Suppose, hypothetically, that you had a superpower. It's the ability to find errors in academic papers (it works on books, blog posts, tweets, etc., too).
You can do it for most fields.
So I pick a field, e.g. animal intelligence, and you say "sure I can do that field", and I select 10 papers in the field. Then you find five errors in every paper. And not typos, significant errors. Mostly conceptual errors.
What would you do with your superpower? How could it be used to accomplish much of anything?
It may sound kind of amazing. But I claim it'd be hard to get much value out of it. People, broadly, don't want to hear about errors. And they will say you don't have any credentials and assume you're wrong without listening even though, hypothetically, you're right about 100% of the errors you point out.
Comment below with your plan to use this superpower.
Messages (4)
Most people assume we live in more of a meritocracy than we do. And they assume that *other people* will identify merit. They don't generally care to do it themselves. Who, exactly, actually does it, and by what methods!?
Seems easy. Everything has flaws. Otherwise you couldn't make progress.
Errors aren't that valuable if you have nothing to replace them with.

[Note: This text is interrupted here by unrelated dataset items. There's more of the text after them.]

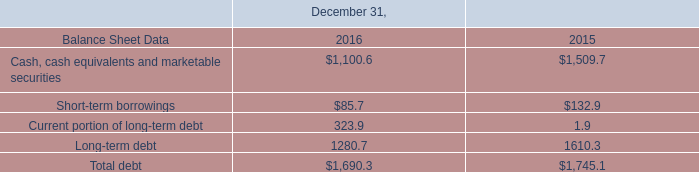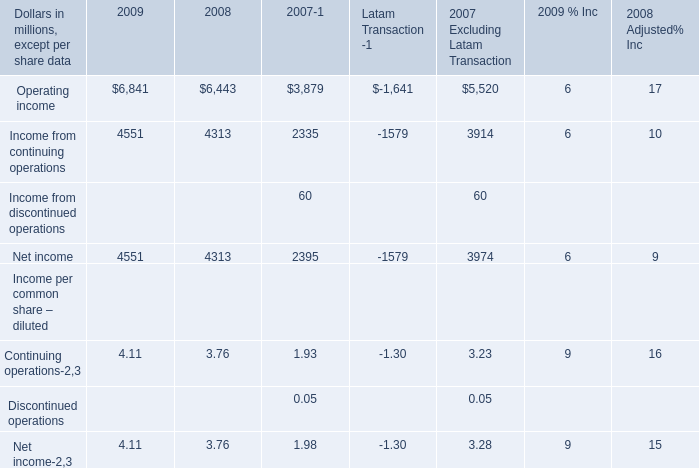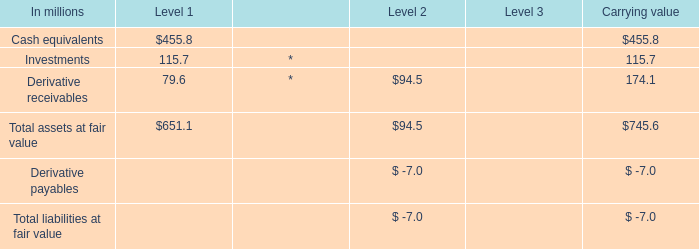How many kinds of elements in 2009 are greater than those in the previous year? 
Answer: 3. 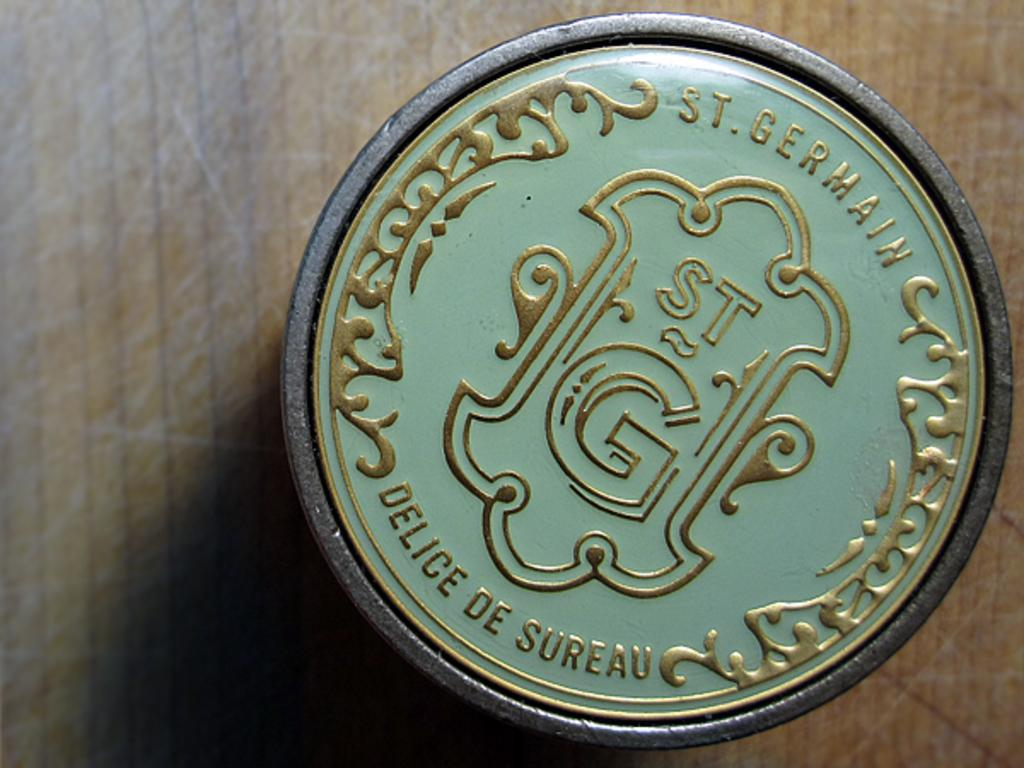<image>
Summarize the visual content of the image. A green background with gold designs and letters that read, "St. Germain" at the top. 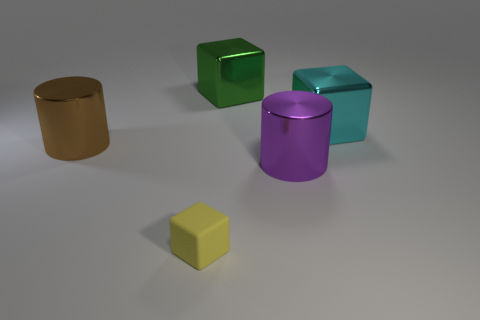The object that is on the left side of the block that is in front of the cyan metallic cube is made of what material?
Offer a very short reply. Metal. Is the material of the large object to the left of the tiny yellow thing the same as the yellow thing?
Offer a terse response. No. Is there a green block behind the large metallic cylinder to the right of the tiny yellow cube?
Offer a very short reply. Yes. The tiny matte cube has what color?
Give a very brief answer. Yellow. Is there anything else of the same color as the small rubber object?
Ensure brevity in your answer.  No. There is a large object that is both left of the big purple metal cylinder and in front of the green metal thing; what color is it?
Provide a short and direct response. Brown. There is a metal cylinder on the right side of the yellow block; is its size the same as the large cyan block?
Make the answer very short. Yes. Is the number of metallic things that are left of the tiny block greater than the number of red cylinders?
Give a very brief answer. Yes. Does the brown thing have the same shape as the big purple object?
Your answer should be compact. Yes. The purple shiny cylinder is what size?
Your answer should be very brief. Large. 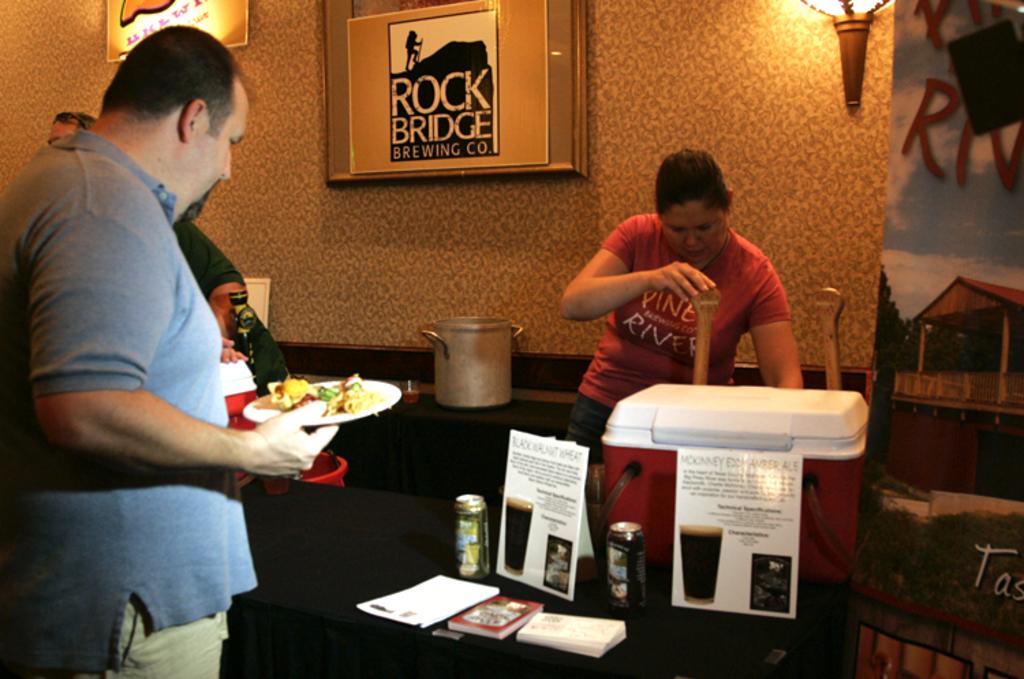What is the frame on the wall?
Offer a terse response. Rock bridge brewing co. What does the red shirt say?
Ensure brevity in your answer.  Pine river. 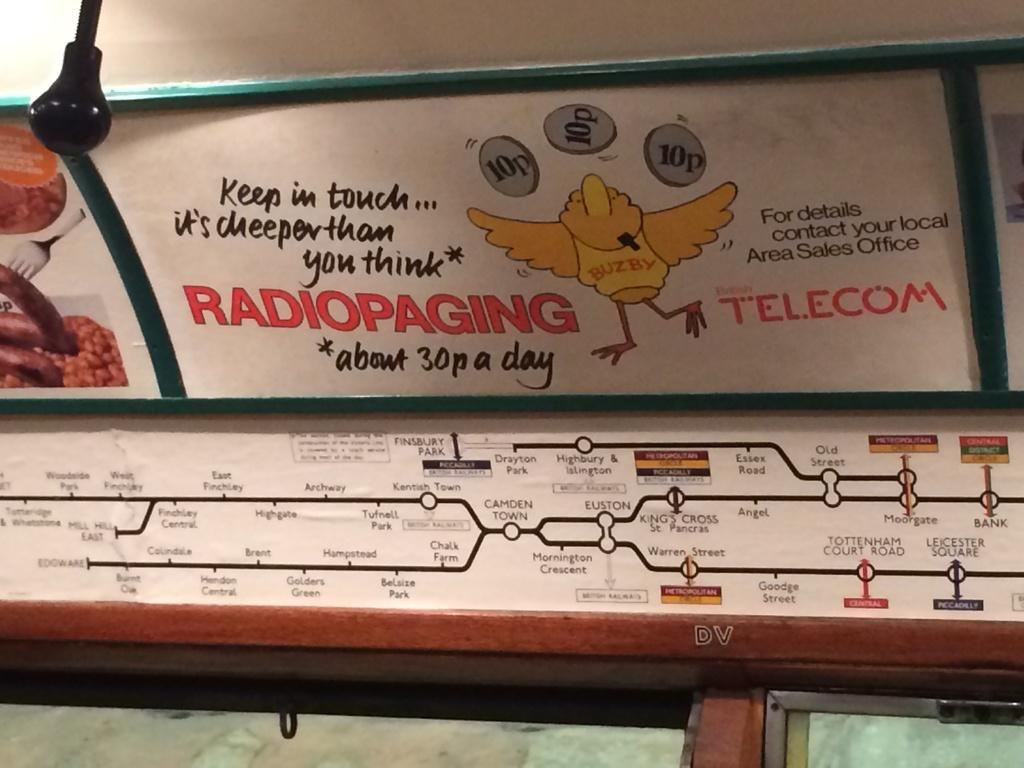Provide a one-sentence caption for the provided image. Ad on a train that has a chicken and is from Telecom. 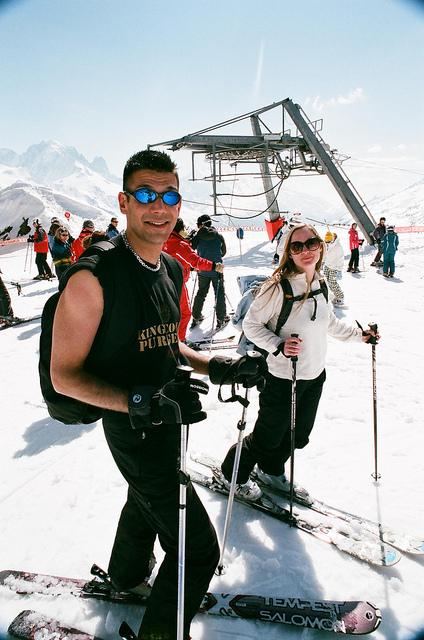Is the guy wearing a jacket?
Be succinct. No. Is the man wearing shades?
Be succinct. Yes. Are there mountains in the background?
Quick response, please. Yes. 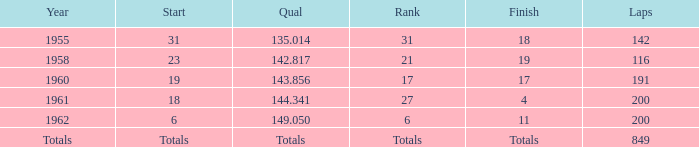Parse the table in full. {'header': ['Year', 'Start', 'Qual', 'Rank', 'Finish', 'Laps'], 'rows': [['1955', '31', '135.014', '31', '18', '142'], ['1958', '23', '142.817', '21', '19', '116'], ['1960', '19', '143.856', '17', '17', '191'], ['1961', '18', '144.341', '27', '4', '200'], ['1962', '6', '149.050', '6', '11', '200'], ['Totals', 'Totals', 'Totals', 'Totals', 'Totals', '849']]} The year with 116 laps is? 1958.0. 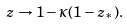<formula> <loc_0><loc_0><loc_500><loc_500>z \rightarrow 1 - \kappa ( 1 - z _ { * } ) .</formula>

What seems easy? Identifying errors?
You could easily use this to make a bunch of money because you'd have a competitive advantage in investment. Find businesses with making conceptual errors and short them, or find businesses that you don't see any major errors with and invest in them.
If you can't use the power for business proposals or blog posts or tweets from business people, but only academic stuff, you could still do this by limiting your focus to businesses that are closely related to academic research, and reading papers that the companies produce or are based on. You could focus on pharmaceutical companies, for instance.